Chancellor’s £4.1 bn takeaway will boost consumption and protect 2 million jobs
VAT in restaurants, hotels and cinemas will be cut to 5 per cent from 20 per cent in an effort to protect more than two million jobs.
Rishi Sunak announced the cut to give the hospitality and leisure sector confidence that if they reopen, the “demand will be there”.
From next Wednesday until Jan 12, Value Added Tax for food, accommodation and attractions will be charged at 5 per cent, a measure that will cost the Treasury £4.1 billion, according to estimates.
It goes further than Labour’s emergency VAT cut in the wake of the financial crisis, when it was reduced to 15 per cent from 17.5.
The Chancellor said in his summer statement: “This is a £4billion catalyst for the hospitality and tourism sectors, benefiting over 150,000 businesses, and consumers everywhere – all helping to protect 2.4 million jobs.”
The cut applies to sales of food and non-alcoholic drinks from restaurants, pubs, bars, cafés and similar premises.
Mr Sunak told MPS the public had been “cautious about going out” and acknowledged how hard businesses had worked to safely reopen after lockdown restrictions were eased.
He said: “We need to give these businesses the confidence to know that if they open up, invest in making their premises safe and protect jobs, demand will be there, and be there quickly.”
The Chancellor said that the tax cut would apply to eat-in or hot takeaway food from restaurants, cafés and pubs, accommodation in hotels, B&BS, campsites and caravan sites, as well as cinemas, theme parks and zoos.
Further guidance on the VAT relief would be published by HM Revenue and Customs in the coming days.
VAT was introduced in the UK in 1973 at a rate of 10 per cent on most goods. It has since grown in both scale and complexity.

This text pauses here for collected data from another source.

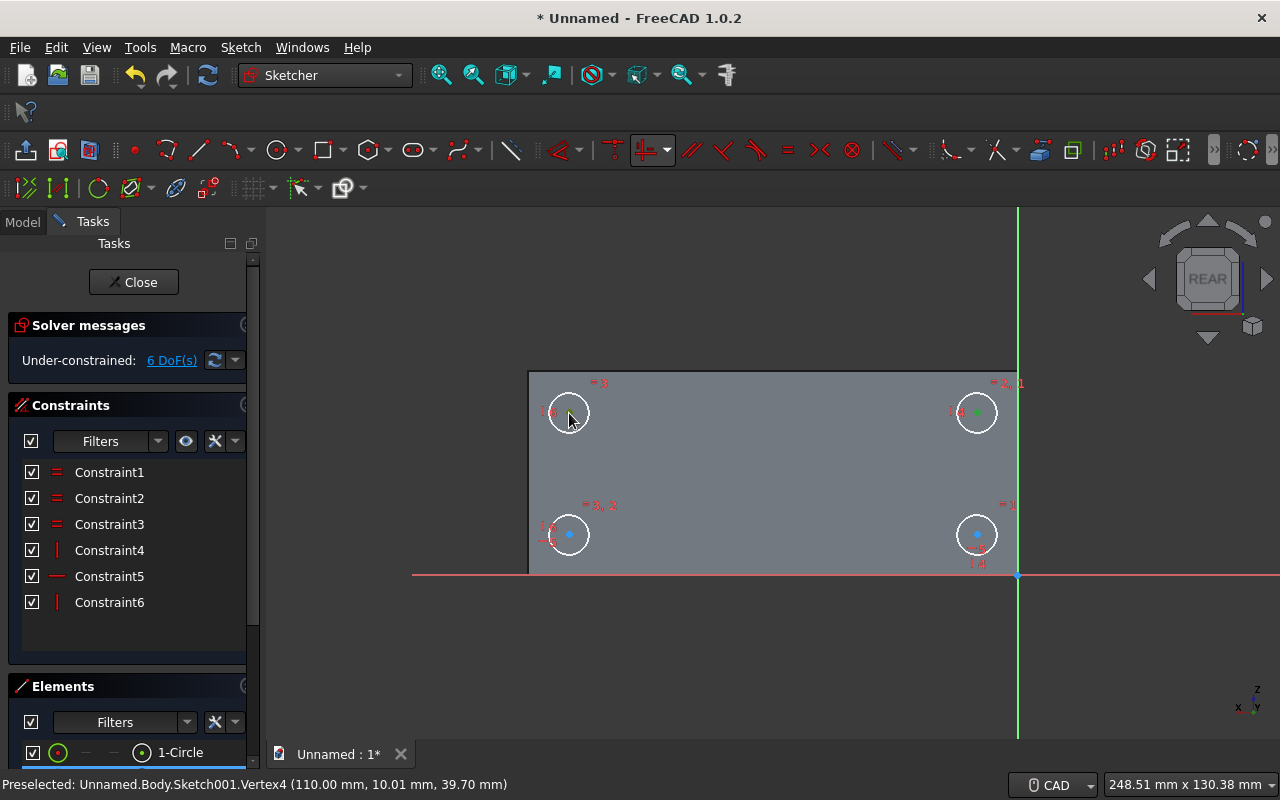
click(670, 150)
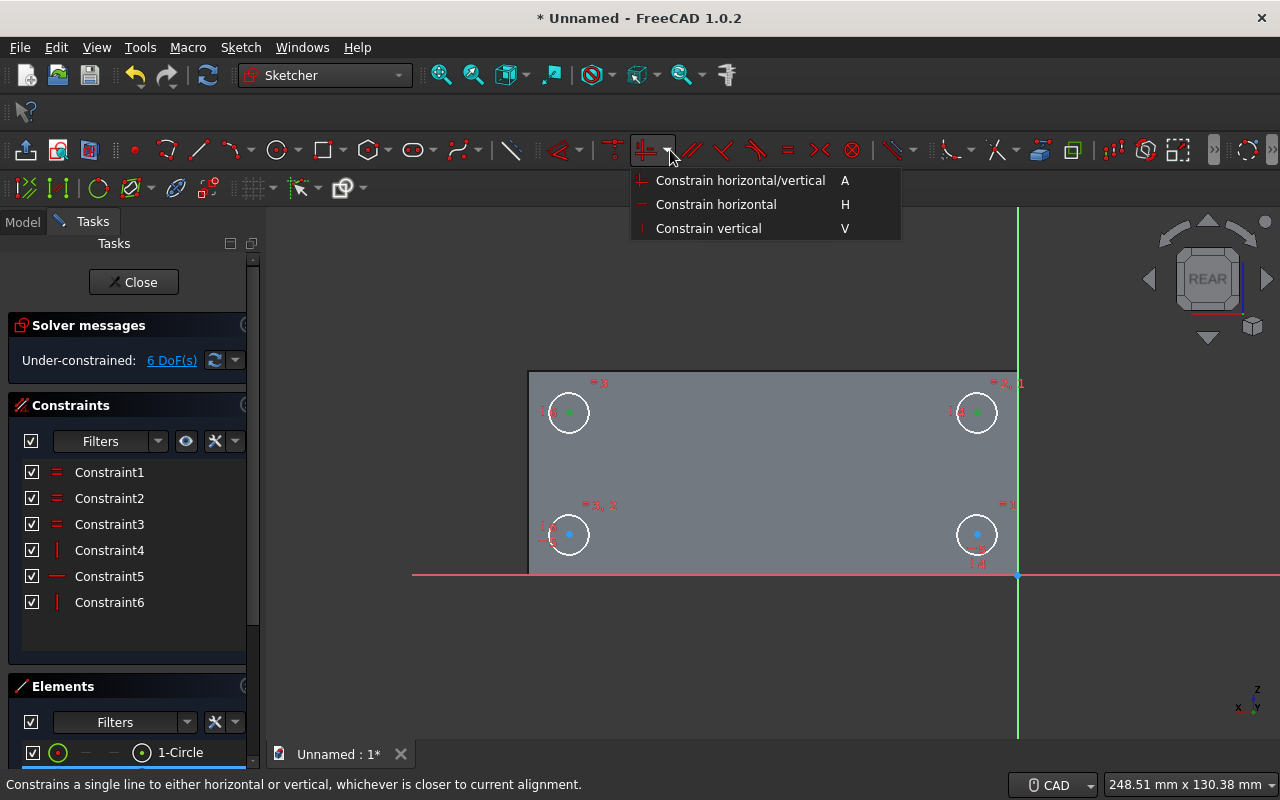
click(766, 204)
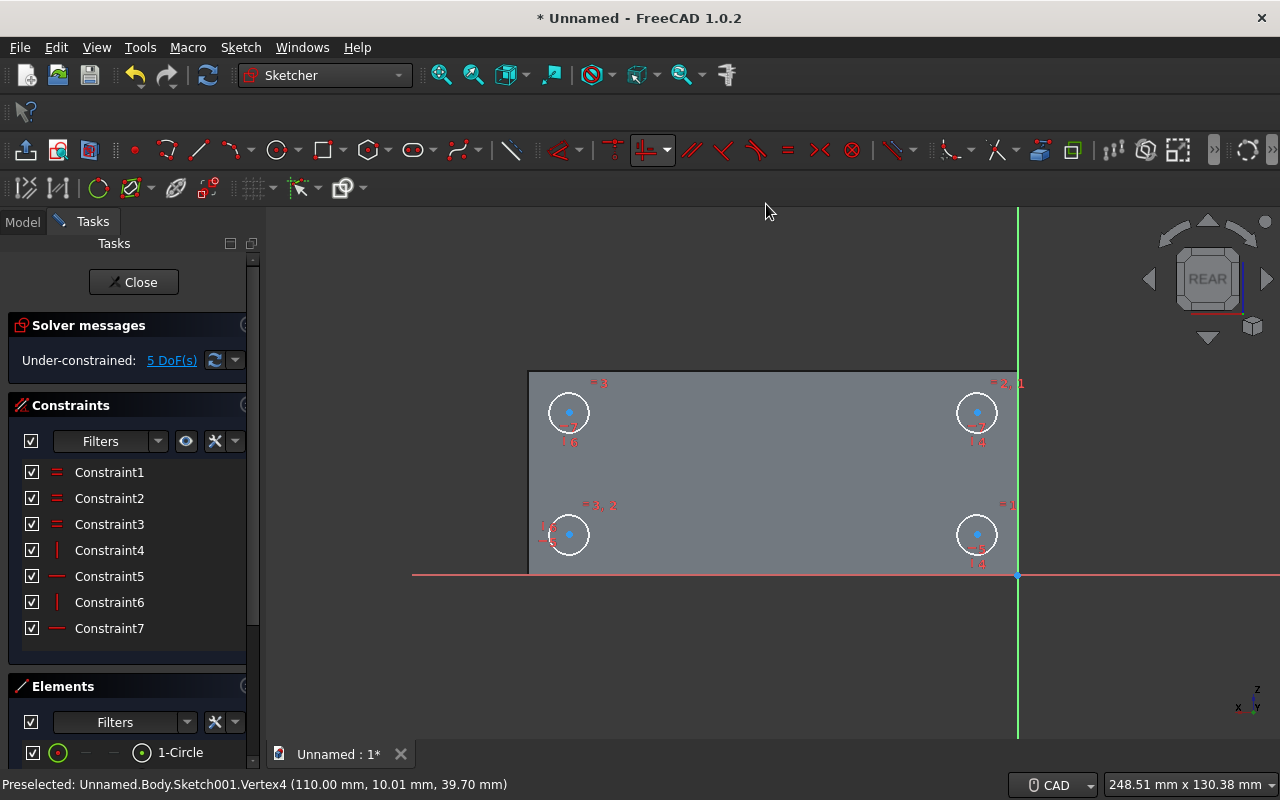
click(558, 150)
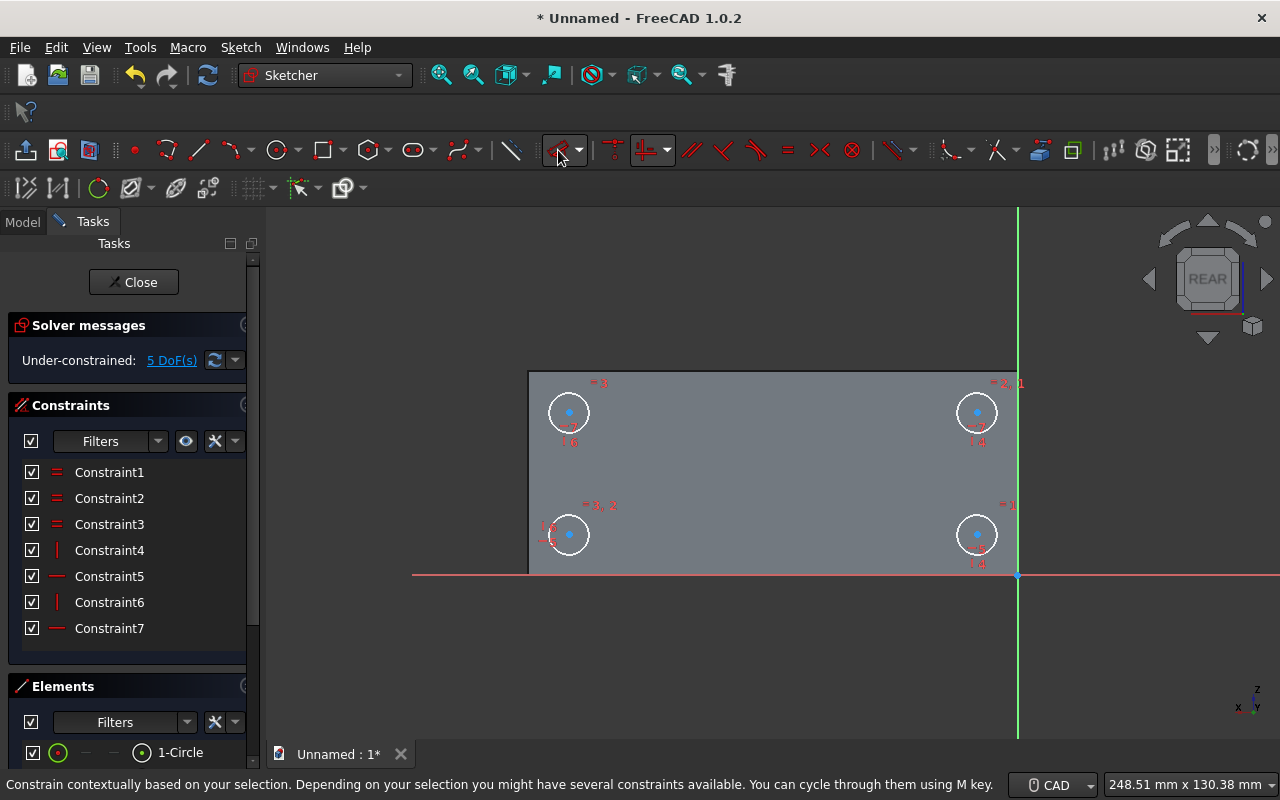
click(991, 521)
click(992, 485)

The emergency cut introduced by Alistair Darling, Labour’s chancellor, in the wake of the financial crisis, reduced the rate by 2.5 per cent between Dec 1, 2008, and Dec 1, 2009. Three years later, George Osborne, the chancellor under David Cameron’s coalition government, hiked it five points to 20 per cent as part of the country’s austerity measures.
The Resolution Foundation, the independent economic think tank, said Mr Sunak’s cut was a “substantial intervention” that would “have a dual effect of boosting consumption in those sectors when it reduces prices, and giving cash to struggling businesses when it does not.”

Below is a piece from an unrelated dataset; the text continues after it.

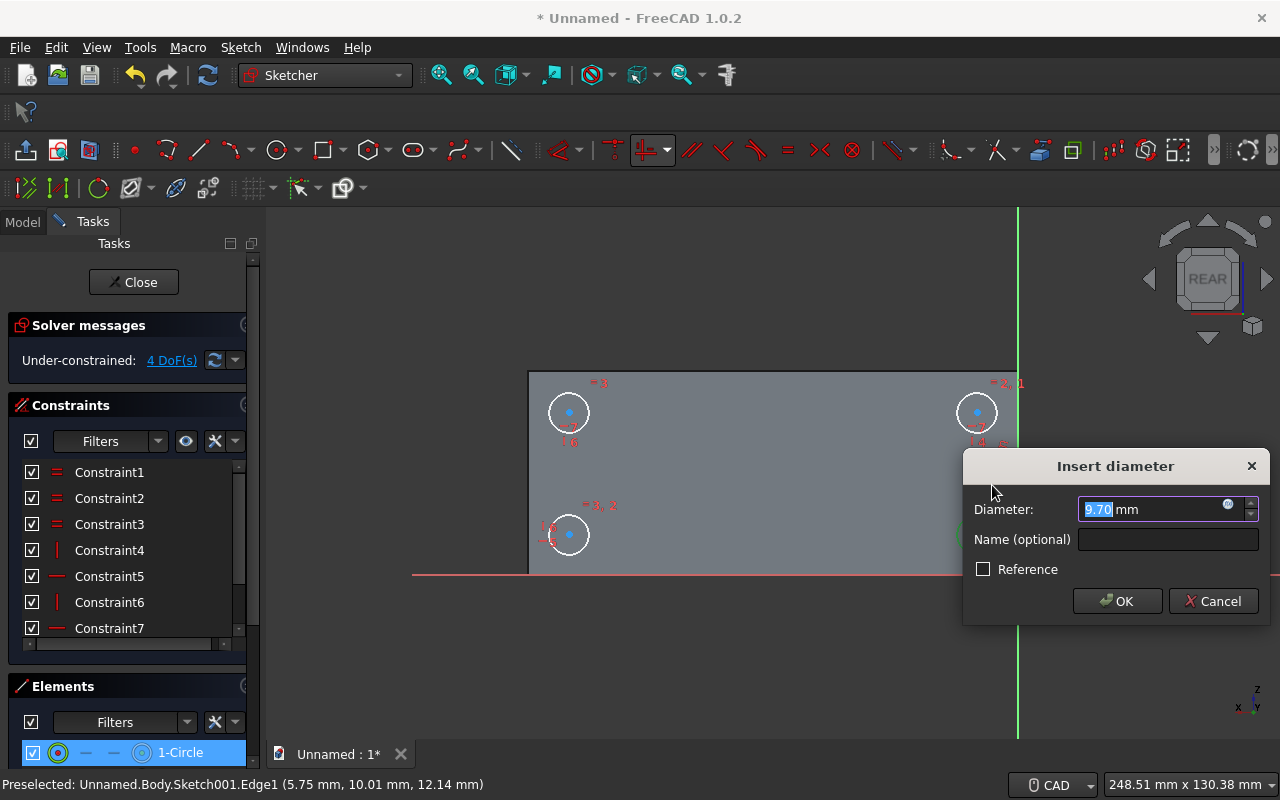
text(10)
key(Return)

Yesterday, Helen Miller, the deputy director of the Institute for Fiscal Studies, said: “The tourism and hospitality sectors have been particularly badly affected by the crisis. Cutting VAT and discounting restaurant meals will increase output in these sectors if businesses have the capacity to serve more customers despite social distancing requirements.”
The tax cut was welcomed by the hospitality industry.
Kate Nicholls, the chief executive of UK Hospitality, the industry body, said: “This significant VAT cut, heightened ability to retain staff and incentives for consumers to eat out together, amount to a huge bonus. We hope that the UK public rightly sees it as sign that we are ready to welcome them back safely. The future of many businesses and jobs depends on it.”
She added: “It is reassuring that the Chancellor singled out hospitality and tourism as a vital part of the UKS economy and a pillar of social life around the UK.”
Dr Adam Marshall, the director general of the British Chambers of Commerce, said: “The VAT cut will help firms in the hospitality and tourism sectors working hard to restart after many months of lost revenue.”
Mr Sunak’s decision to reduce VAT comes on top of previous reliefs the Government has already introduced in response to Covid-19. More than 400,000 businesses have been able to defer VAT payment until next March.